Like I stated before, I'm not an expert regarding ethnogenesis of nations, mine included. I rely mostly on logic and I find such theory improper. Maybe one could (forcefully)apply this concept regarding nations but not regarding ethnic identity. It's much more logic to see ethnicity generating nationalism/nations than to think those concepts simply arouse in the minds of the people from some instant. The idea you adhere to is not compatible with the existence of ancient rooted people, like Romanians, Greeks, Albanians, Scotts, Irish, etc. Even newcomers (relatively) on the lands, like Bulgarians, Hungarians, Serbs, Czechs, Solvaks, etc. won't have lasted unless they have had a "national consciousness" of some kind.
So, the idea that people were aware of their apartenance to an ethnic group throughout the centuries is far more consistent with later development of nations/nationalism than to think these sprang out of some kind of amorphous groups.
The fact that different ethnic groups shared some teritory for a period doesn't negate the fact that differences lasted. In the case of Romania, I thinkTransylvania is the best example supporting the idea of coexistence of people fully aware of their separate ethnicity.

Look Cezar , i am not here to change your mind.

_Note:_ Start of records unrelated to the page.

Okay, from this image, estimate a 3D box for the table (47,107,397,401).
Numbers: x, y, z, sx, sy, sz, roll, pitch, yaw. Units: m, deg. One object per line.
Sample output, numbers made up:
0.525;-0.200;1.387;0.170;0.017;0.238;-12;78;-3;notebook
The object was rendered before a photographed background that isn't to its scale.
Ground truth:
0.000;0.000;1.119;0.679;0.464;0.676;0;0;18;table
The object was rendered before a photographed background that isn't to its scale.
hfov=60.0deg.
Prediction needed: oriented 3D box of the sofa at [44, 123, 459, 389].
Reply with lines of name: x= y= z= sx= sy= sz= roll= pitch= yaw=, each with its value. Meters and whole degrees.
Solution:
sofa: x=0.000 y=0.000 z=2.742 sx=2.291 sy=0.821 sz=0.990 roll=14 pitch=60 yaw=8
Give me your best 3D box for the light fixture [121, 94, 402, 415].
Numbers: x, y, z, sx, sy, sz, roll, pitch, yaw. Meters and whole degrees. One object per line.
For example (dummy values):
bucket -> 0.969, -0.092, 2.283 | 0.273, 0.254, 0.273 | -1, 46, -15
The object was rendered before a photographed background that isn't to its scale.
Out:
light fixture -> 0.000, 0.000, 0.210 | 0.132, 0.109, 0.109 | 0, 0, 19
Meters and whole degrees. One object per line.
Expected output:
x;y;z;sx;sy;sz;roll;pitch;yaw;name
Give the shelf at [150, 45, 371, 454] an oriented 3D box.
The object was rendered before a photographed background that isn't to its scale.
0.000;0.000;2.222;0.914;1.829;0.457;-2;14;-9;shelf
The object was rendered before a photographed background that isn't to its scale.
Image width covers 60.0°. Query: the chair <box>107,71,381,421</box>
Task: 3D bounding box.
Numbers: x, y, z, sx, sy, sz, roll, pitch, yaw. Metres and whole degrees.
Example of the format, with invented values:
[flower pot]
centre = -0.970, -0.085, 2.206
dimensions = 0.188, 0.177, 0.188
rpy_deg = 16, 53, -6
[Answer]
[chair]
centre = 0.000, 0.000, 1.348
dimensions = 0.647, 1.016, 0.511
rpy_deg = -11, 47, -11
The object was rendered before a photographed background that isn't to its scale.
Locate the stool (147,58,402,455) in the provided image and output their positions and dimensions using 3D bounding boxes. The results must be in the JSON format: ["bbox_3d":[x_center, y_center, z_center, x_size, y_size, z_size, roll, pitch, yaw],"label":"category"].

What is happening here is an outcome of the scholarly debate between Modernists and Primordialists. One thing i learned from Uni, is that there are no absolute answers,concerning matters full of relativity, such as ethnogenesis of a people, only different thoughts,schools of opinion.
Certainly, Spartakus, but that doesn't mean we cannot debate. Since there are many thoughts and schools of opinion, why don't we analyse the consistency of these with the known facts?